Tag Archives: Testing

Regression Testing

Regression testing is a type of software testing that seeks to uncover new software bugs, or regressions, in existing functional and non-functional areas of a system after changes such as enhancements, patches or configuration changes, have been made to them.

The purpose of regression testing is to ensure that changes such as those mentioned above have not introduced new faults. One of the main reasons for regression testing is to determine whether a change in one part of the software affects other parts of the software.

Common methods of regression testing include rerunning previously completed tests and checking whether program behavior has changed and whether previously fixed faults have re-emerged. Regression testing can be performed to test a system efficiently by systematically selecting the appropriate minimum set of tests needed to adequately cover a particular change.

Smoke Testing

Smoke testing is the initial testing process exercised to check whether the software under test is ready/stable for further testing.

The term ‘Smoke Testing’ is came from the hardware testing, in the hardware testing initial pass is done to check if it did not catch the fire or smoked in the initial switch on.
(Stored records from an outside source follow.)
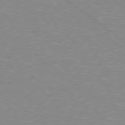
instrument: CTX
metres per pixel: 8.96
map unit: Hpe
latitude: 78.6302
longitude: -145.1214
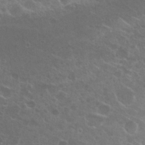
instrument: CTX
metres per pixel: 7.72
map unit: Nhu
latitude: 26.9892
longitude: -51.4048
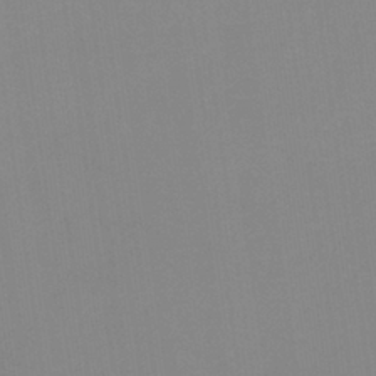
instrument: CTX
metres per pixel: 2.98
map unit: HNb
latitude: -36.1416
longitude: 54.6708
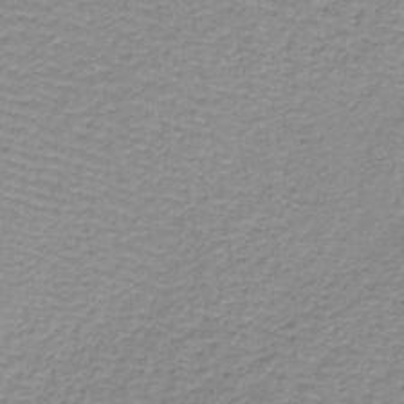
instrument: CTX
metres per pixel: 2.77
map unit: lHb
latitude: -40.0094
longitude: 61.8422
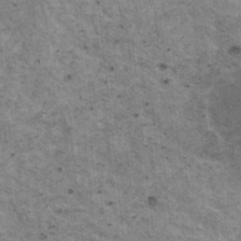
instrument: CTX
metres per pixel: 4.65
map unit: HNhu
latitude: 3.3104
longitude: 4.3117
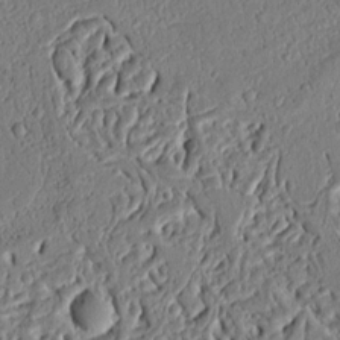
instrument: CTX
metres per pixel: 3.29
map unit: Ht
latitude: 10.2523
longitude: -75.4804
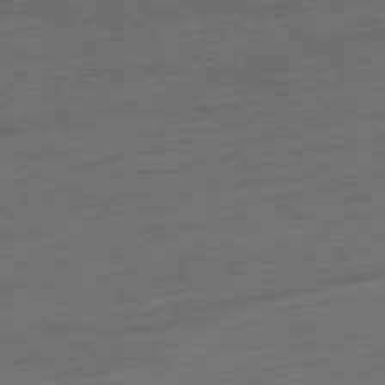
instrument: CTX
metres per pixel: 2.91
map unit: Hpe
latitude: -77.4454
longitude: -13.0837
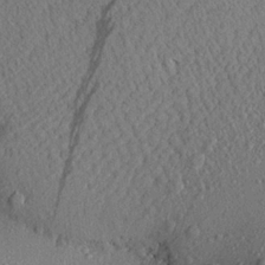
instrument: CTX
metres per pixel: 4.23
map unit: Aa
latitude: 21.8961
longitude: -143.4238
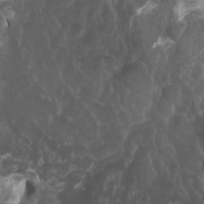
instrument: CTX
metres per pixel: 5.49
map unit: eHh
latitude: -0.9353
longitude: 14.5763
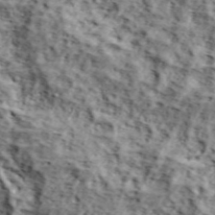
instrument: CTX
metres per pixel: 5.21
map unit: lHvf
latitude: 38.1578
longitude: -87.0080
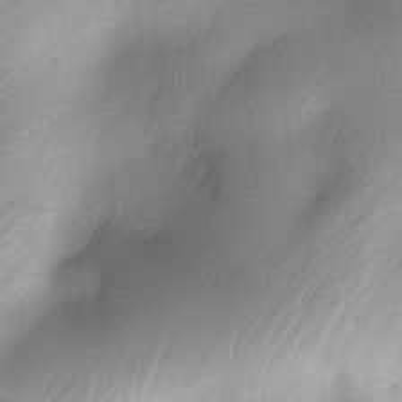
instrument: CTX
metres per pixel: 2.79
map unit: Nhe
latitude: -19.2943
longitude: 144.6519
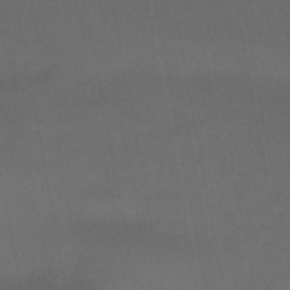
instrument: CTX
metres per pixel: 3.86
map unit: HNb
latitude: -46.1605
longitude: -44.8569
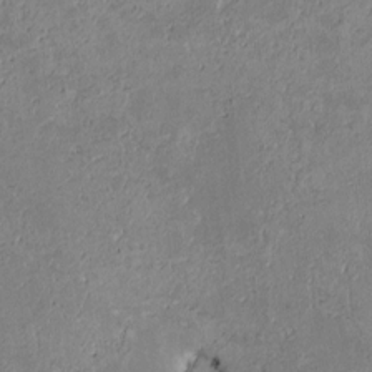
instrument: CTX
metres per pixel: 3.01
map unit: Htu
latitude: 3.0080
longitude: 148.5385
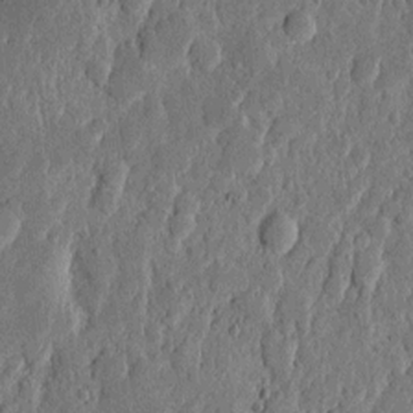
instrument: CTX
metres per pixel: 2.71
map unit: eHh
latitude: 6.6868
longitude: -72.0255
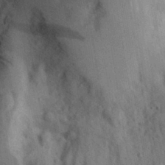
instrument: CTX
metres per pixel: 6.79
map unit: Aa
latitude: 28.4412
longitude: -146.8569
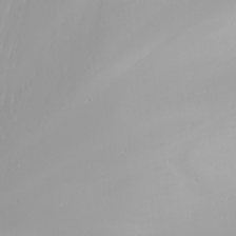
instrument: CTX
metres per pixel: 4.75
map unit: Nhu
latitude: -6.8219
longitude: -90.3278
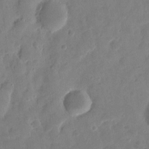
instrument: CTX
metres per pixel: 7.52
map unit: eHh
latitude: 8.8002
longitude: -74.0822
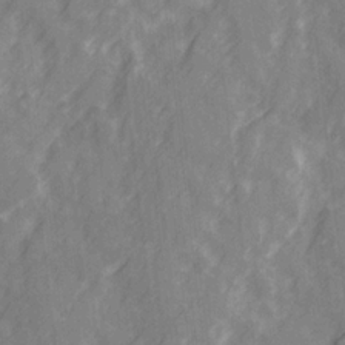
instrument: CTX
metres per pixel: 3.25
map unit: Ave
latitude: 20.2523
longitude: -131.8773
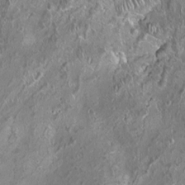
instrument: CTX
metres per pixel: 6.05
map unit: HNhu
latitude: -0.1039
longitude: 0.9920
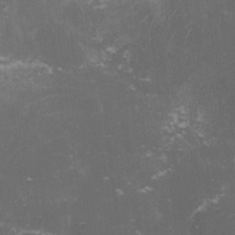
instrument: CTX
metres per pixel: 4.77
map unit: lHvf
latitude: -13.1053
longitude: -101.0459
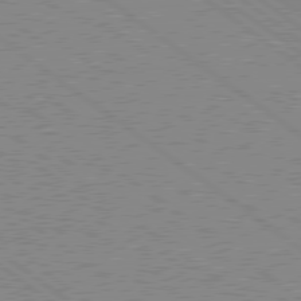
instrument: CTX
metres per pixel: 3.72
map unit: Hpe
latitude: 78.7247
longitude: -145.1592
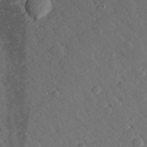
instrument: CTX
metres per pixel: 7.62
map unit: Hve
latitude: 26.5924
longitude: 143.9556
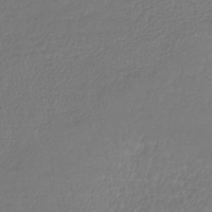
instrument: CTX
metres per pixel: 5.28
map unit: lHb
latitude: -40.4440
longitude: 70.3117
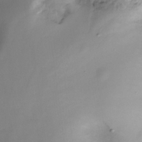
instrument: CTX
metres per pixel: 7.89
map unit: Ht
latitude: -15.3888
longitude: -44.6301
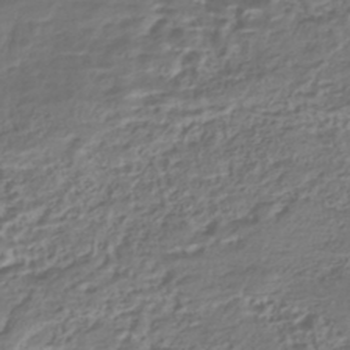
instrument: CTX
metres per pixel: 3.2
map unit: HNhu
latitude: -42.9919
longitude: 107.2376
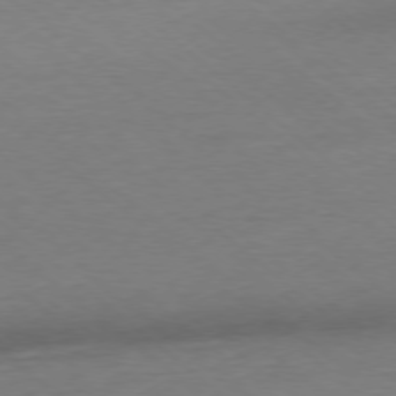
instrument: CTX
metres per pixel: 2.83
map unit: Ap
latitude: -77.8233
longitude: -96.3089
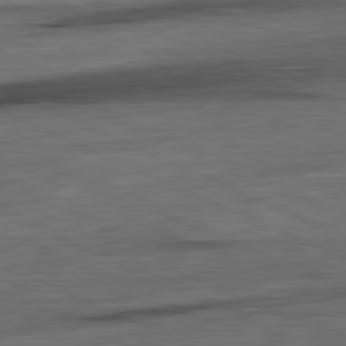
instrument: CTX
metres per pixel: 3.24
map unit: Ap
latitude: -81.4833
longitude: -68.6491
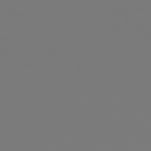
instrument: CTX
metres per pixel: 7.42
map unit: Hpe
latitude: 77.2726
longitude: -136.6680
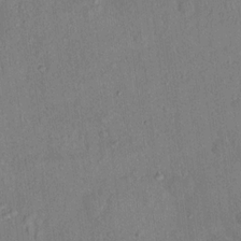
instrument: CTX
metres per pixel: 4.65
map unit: Ht
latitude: 14.5924
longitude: -40.0633
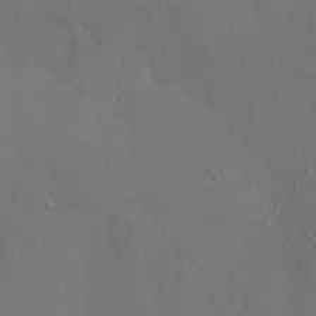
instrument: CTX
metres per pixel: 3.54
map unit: HNhu
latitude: 12.5357
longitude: 10.2740
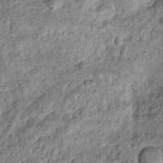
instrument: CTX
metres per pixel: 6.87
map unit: Hto
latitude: 10.5168
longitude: -37.3859
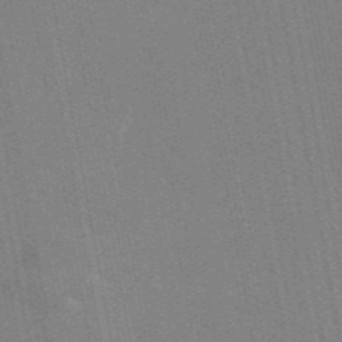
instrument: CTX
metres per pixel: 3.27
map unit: eAb
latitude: 45.6316
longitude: 122.3118
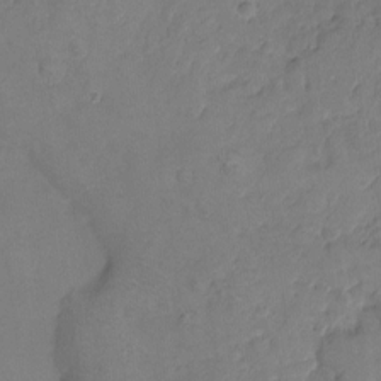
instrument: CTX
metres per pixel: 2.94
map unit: Nhu
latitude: -15.8423
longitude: -53.2348
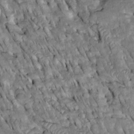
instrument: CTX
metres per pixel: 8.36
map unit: Htu
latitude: -2.2361
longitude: 149.3132
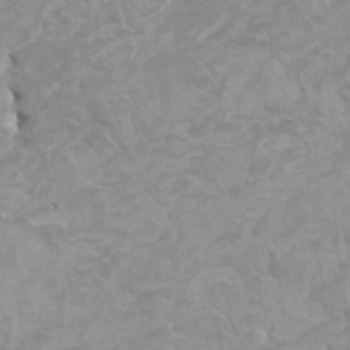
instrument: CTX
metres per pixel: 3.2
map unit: HNhu
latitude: 3.9150
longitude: -2.6679
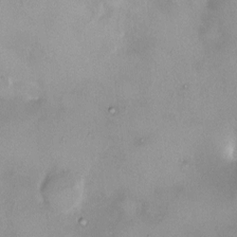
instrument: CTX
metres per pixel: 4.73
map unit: HNhu
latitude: 4.8191
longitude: 8.0472
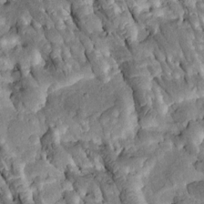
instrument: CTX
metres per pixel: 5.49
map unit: Htu
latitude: -0.7086
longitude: 148.2740
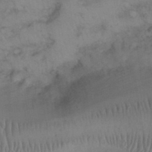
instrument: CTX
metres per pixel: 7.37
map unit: Nhu
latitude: 26.8002
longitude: -69.7072
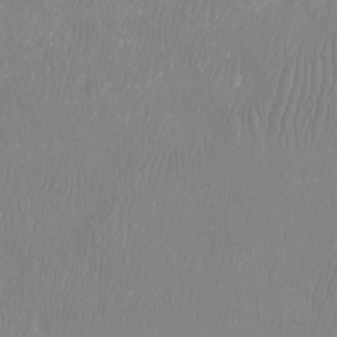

Prior to start Smoke testing few test cases need to created once to use for smoke testing. These test cases are executed prior to start actual testing to check critical functionalities of the program is working fine. This set of test cases written such a way that all functionality is verified but not in deep. The objective is not to perform exhaustive testing,the tester need check the navigation’s & adding simple things, tester needs to ask simple questions like “Does the program run?”, “Does it open a window?”, or “Does clicking the main button do anything?”

Compatibility Testing

The compatibility part of a testing methodology tests that the product or application is compatible with all the specified operating systems, hardware platforms, web browsers, mobile devices, and other designed third-party programs (e.g. browser plugins). Compatibility tests check that the product works as expected across all the different hardware/software combinations and that all functionality is consistently supported.

Usability Testing

The usability testing part of a testing methodology looks at the end-user usability aspect of the software. The ease with which a user can access the product forms the main testing point. Usability testing looks at five aspects of testing, – learnability, efficiency, satisfaction, memorability, and errors.

Security Testing

Previously, security was something that was tested after-the-fact. With the rise in cyber-crime and the awareness of the risks associated with software vulnerabilities, application security is now something that needs to be designed and developed at the same time as the desired business functionality. Security testing tests the software for confidentiality, integrity, authentication, availability, and non-repudiation. Individual tests are conducted to prevent any unauthorized access to the software code.

Performance Testing

There are several different types of performance testing in most testing methodologies, for example: performance testing is measuring how a system behaves under an increasing load (both numbers of users and data volumes), load testing is verifying that the system can operate at the required response times when subjected to its expected load, and stress testing is finding the failure point(s) in the system when the tested load exceeds that which it can support.

Acceptance Testing

The acceptance testing part of a testing methodology is the final phase of functional software testing and involves making sure that all the product/project requirements have been met and that the end-users and customers have tested the system to make sure it operates as expected and meets all their defined requirements:

System Testing

The system testing part of a testing methodology involves testing the entire system for errors and bugs. This test is carried out by interfacing the hardware and software components of the entire system (that have been previously unit tested and integration tested), and then testing it as a whole. This testing is listed under the black-box testing method, where the software is checked for user-expected working conditions as well as potential exception and edge conditions.

Integration Testing

The Integration testing part of a testing methodology is the testing of the different modules/components that have been successfully unit tested when integrated together to perform specific tasks and activities (also known as scenario testing). This testing is usually done with a combination of automated functional tests and manual testing depending on how easy it is to create automated tests for specific integrated components.

Unit Testing

The Unit testing part of a testing methodology is the testing of individual software modules or components that make up an application or system. These tests are usually written by the developers of the module and in a test-driven-development methodology (such as Agile, Scrum or XP) they are actually written before the module is created as part of the specification. Each module function is tested by a specific unit test fixture written in the same programming language as the module.